Transport across a topoelectrical Weyl semimetal heterojunction

TL;DR

This paper introduces a method using topoelectrical circuits to simulate and analyze electron transport in Weyl semimetal heterostructures, revealing valley-dependent transmission and novel tunneling phenomena.

Contribution

It presents a novel approach to study Weyl semimetal heterostructures via tunable topoelectrical circuits, enabling exploration of complex tunneling and topological phases.

Findings

Transmission depends on tilt and transport direction orientation.

Valley-dependent transmission and inter-valley scattering effects.

Observation of anti-Klein tunneling in certain configurations.

Abstract

We propose a general method to realize and calculate the transmission in a Weyl semimetal (WSM) heterostructure by employing a periodic three-dimensional topoelectrical (TE) circuit network.

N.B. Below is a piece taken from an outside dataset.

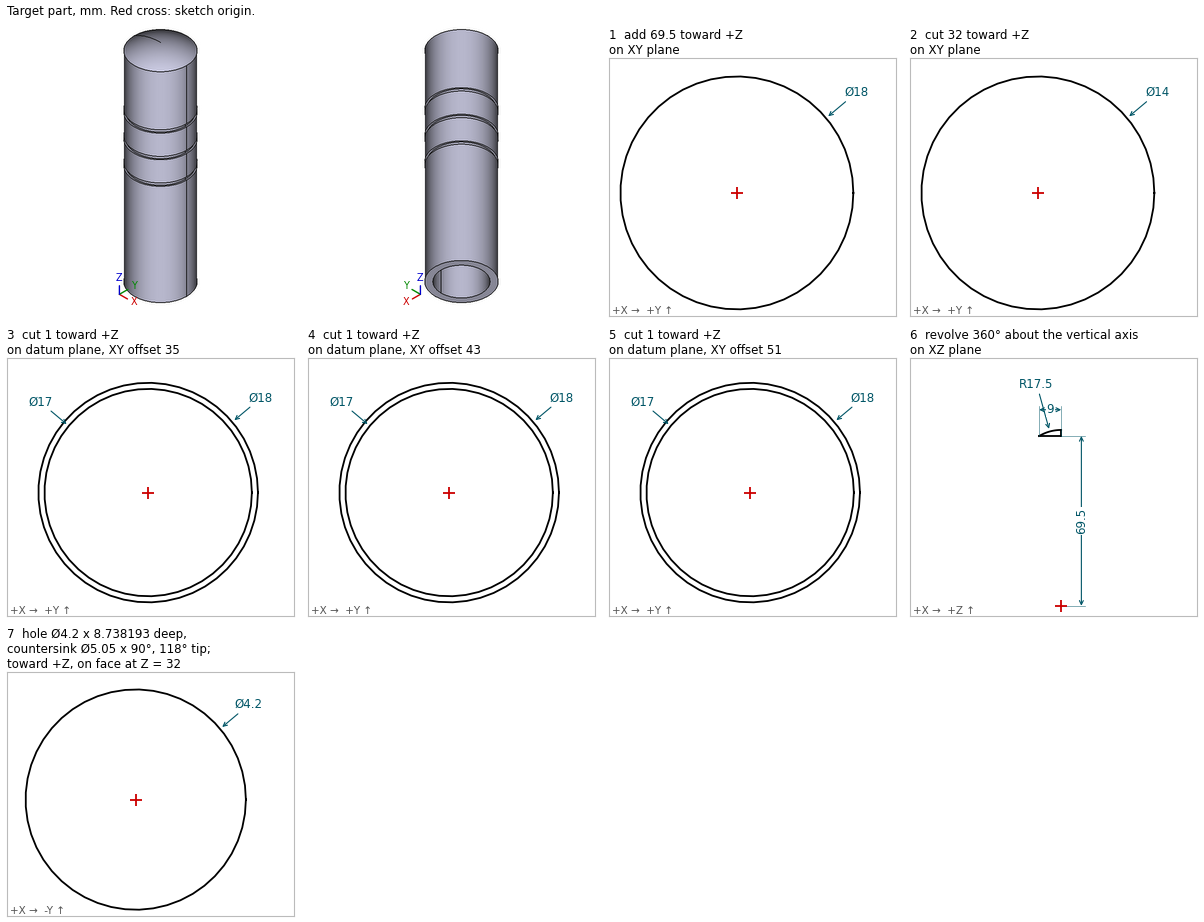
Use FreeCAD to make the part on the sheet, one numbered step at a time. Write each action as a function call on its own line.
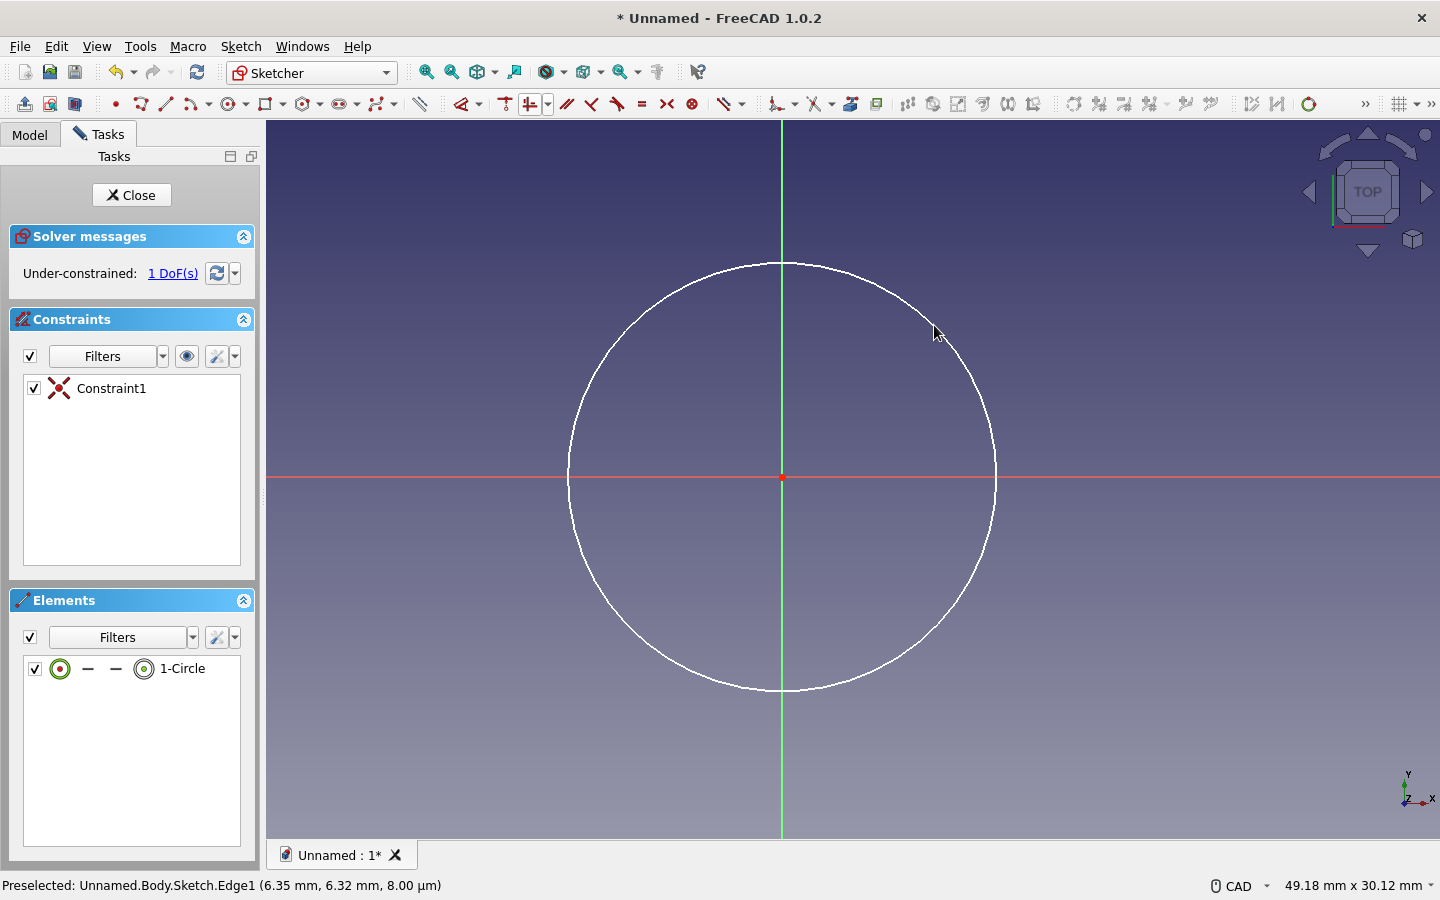
click(460, 104)

By drawing the analogy between inductor-capacitor circuit lattices and quantum mechanical tight-binding (TB) models, we show that the energy flux in a TE network is analogous to the probability flux in a TB Hamiltonian. TE systems offer a key advantage in that they can be easily tuned to achieve different topological WSM phases simply by varying the capacitances and inductances. The above analogy opens the way to the study of tunneling across heterojunctions separating different types of WSMs in TE circuits, a situation which is virtually impossible to realize in physical WSM materials. We show that the energy flux transmission in a WSM heterostructure depends highly on the relative orientation of the transport direction and the $k$-space tilt direction. For the transmission from a Type I WSM source lead to a Type II WSM drain lead, all valleys transmit equally when the tilt and transmission directions are perpendicular to each other. In contrast, large inter-valley scattering is required for transmission when the tilt and transport directions are parallel to each other, leading to valley-dependent transmission. We describe a Type III WSM phase intermediate between the Type I and Type II phases. An `anti-Klein' tunneling occurs between a Type I source and Type III drain where the transmission is totally suppressed for some valleys at normal incidence. This is in direct contrast to the usual Klein tunneling in Dirac materials where normally incident flux is perfectly transmitted. Owing to the ease of fabrication and experimental accessibility, TE circuits offer an excellent testbed to study the extraordinary transport phenomena in WSM based heterostructures.